Working for an exams regulator is not necessarily everyone’s dream job, but Collier was drawn in. “I was looking for something really interesting and this was like, ‘Wow. This looks amazing,’” she says.
Collier was confident she could bring a lot of skills from her previous experience leading organisations, but she says the education factor was the major attraction. “What’s more important than looking after our kids and the standards of their qualifications?” she says.
And moving from a top job in the fast-moving commercial sector to running a much smaller organisation, with a more measured, considered pace, has been quite a journey.
“Here it is much more reflective and evidence-based. And if you want the system to change, it takes a long time – and you can’t shock the system,” she says.
‘You need to be credible’
One of Collier’s top priorities has been getting to know her staff, and finding out what motivates them. “It’s what gets me up in the morning, she says. “It’s always all about the people for me.
“We have got quite a lot of introverts, quite a lot of specialists. In the commercial world, usually you have got a lot of male extroverts and they respond to different sorts of things.”
For example, Ofqual staff like to be left alone to get on with their research, she says. “They don’t want people interfering. They have got the most amazing insight and knowledge, but you need to give them the space and time and opportunity to get that out.”
And she isn’t too worried about her limited experience in education pre-Ofqual, because she has that team of assessment experts behind her.
“You need to know enough, you need to be credible,” she says, “but the boss doesn’t need to know it all.”
When Collier applied for the job, she was aware of Ofqual – but she admits she didn’t know about the 2012 English GCSE grading affair that led to heads calling for her predecessor, Glenys Stacey, to resign. “I am afraid that passed me by.” She pauses. “I am aware of it now, obviously”, she laughs.
Despite the scandal happening five years ago, Collier says it still comes up in conversation.
“Clearly that was a big thing and people were either on one side or the other side,” she says. “You find when that happens people are affected by that many years later.”

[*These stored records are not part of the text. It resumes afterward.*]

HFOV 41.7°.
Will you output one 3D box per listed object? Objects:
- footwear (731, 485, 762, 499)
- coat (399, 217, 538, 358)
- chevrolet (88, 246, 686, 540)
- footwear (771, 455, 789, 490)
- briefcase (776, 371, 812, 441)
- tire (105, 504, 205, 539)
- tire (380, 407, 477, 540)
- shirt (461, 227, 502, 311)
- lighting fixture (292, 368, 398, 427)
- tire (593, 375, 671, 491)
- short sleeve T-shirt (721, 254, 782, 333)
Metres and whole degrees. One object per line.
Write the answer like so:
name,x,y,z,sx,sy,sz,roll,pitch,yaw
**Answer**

Today, she believes that one of the most pressing issues for Ofqual is a feeling among schools that the quality of exam marking has deteriorated. Collier says this view does not reflect the reality.
“I think there is a real difference between the perception of the quality of marking and what’s actually going on,” she explains.

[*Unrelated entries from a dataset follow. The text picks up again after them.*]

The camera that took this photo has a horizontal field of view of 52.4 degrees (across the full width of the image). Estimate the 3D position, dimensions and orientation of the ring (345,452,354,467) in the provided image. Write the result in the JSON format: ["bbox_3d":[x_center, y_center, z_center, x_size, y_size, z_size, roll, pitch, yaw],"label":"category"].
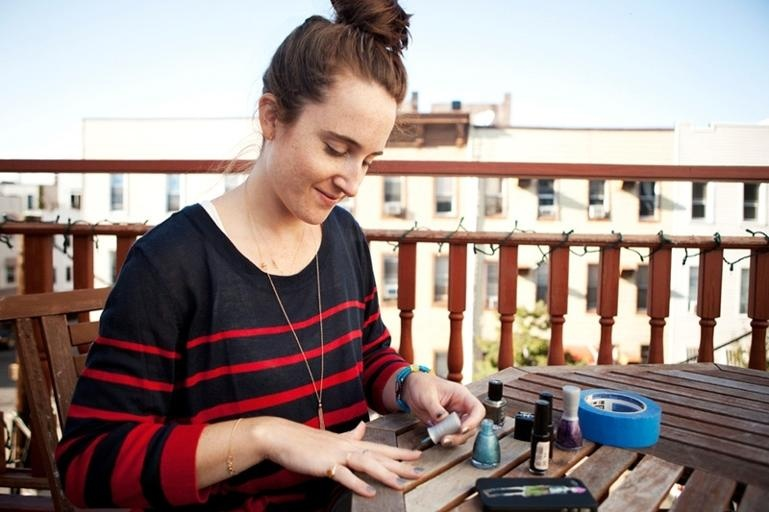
[{"bbox_3d":[-0.146,0.816,3.112,0.036,0.057,0.017,-2,2,3],"label":"ring"}]

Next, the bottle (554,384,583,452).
[{"bbox_3d":[0.761,0.673,3.258,0.107,0.264,0.089,-2,2,12],"label":"bottle"}]

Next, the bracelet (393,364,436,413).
[{"bbox_3d":[0.112,0.594,3.461,0.175,0.193,0.077,14,-15,-8],"label":"bracelet"}]

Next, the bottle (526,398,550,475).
[{"bbox_3d":[0.623,0.731,3.147,0.096,0.293,0.050,-3,2,-9],"label":"bottle"}]

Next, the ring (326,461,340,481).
[{"bbox_3d":[-0.207,0.853,3.078,0.025,0.054,0.040,7,9,25],"label":"ring"}]

In the summer of 2016, the number of challenges to GCSE and A-level grades fell by a quarter. However, almost a fifth of challenges still resulted in a grade change – something the chief regulator says could be improved.

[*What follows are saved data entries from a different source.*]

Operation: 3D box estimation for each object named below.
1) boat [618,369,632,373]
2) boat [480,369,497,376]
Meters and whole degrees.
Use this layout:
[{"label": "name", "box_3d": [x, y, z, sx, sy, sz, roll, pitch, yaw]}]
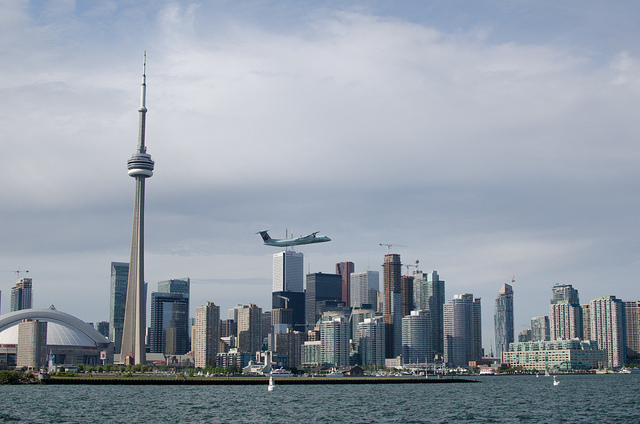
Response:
[{"label": "boat", "box_3d": [260.842, 136.438, 1425.380, 7.867, 3.364, 11.412, -7, -10, 27]}, {"label": "boat", "box_3d": [140.173, 134.491, 1396.906, 13.967, 5.327, 21.392, -3, -9, 7]}]

“I am trying to work out how we can do our upmost to minimise those mistakes, accepting that we will never get perfection,” she says.
“I am working really hard for us to be as transparent as possible. I have spent a lot of time on the frontline just listening to people and encouraging all my team to do that.”
Those talks with schools also convinced her that the accreditation of the new GCSE and A levels – and how quickly schools will be able to get materials – had to be addressed.
Collier is clearly very busy and works long days, with a commute from Norfolk to Coventry. She apologises when her phone rings close to the end of the interview, and laughs: “That’s not a deliberate, ‘We must finish there’. It’s the chairman.”
But she is likely to become even busier this summer, ensuring that the new GCSE and A levels are safely awarded – and that the GCSE grading changes, from A* to G to 9 to 1, in English and maths are communicated widely.
The chief executive usually spends three days in Coventry and two days out and about. But her office – which former Ofqual chair and new Ofsted chief inspector Amanda Spielman had painted green for her – and the yellow daffodils on her desk make for a calming environment.
“It is the colour of my football team, Norwich City. I don’t see Norfolk very much, which is why I like to have the green and yellow here,” she laughs, “to remind me of home.”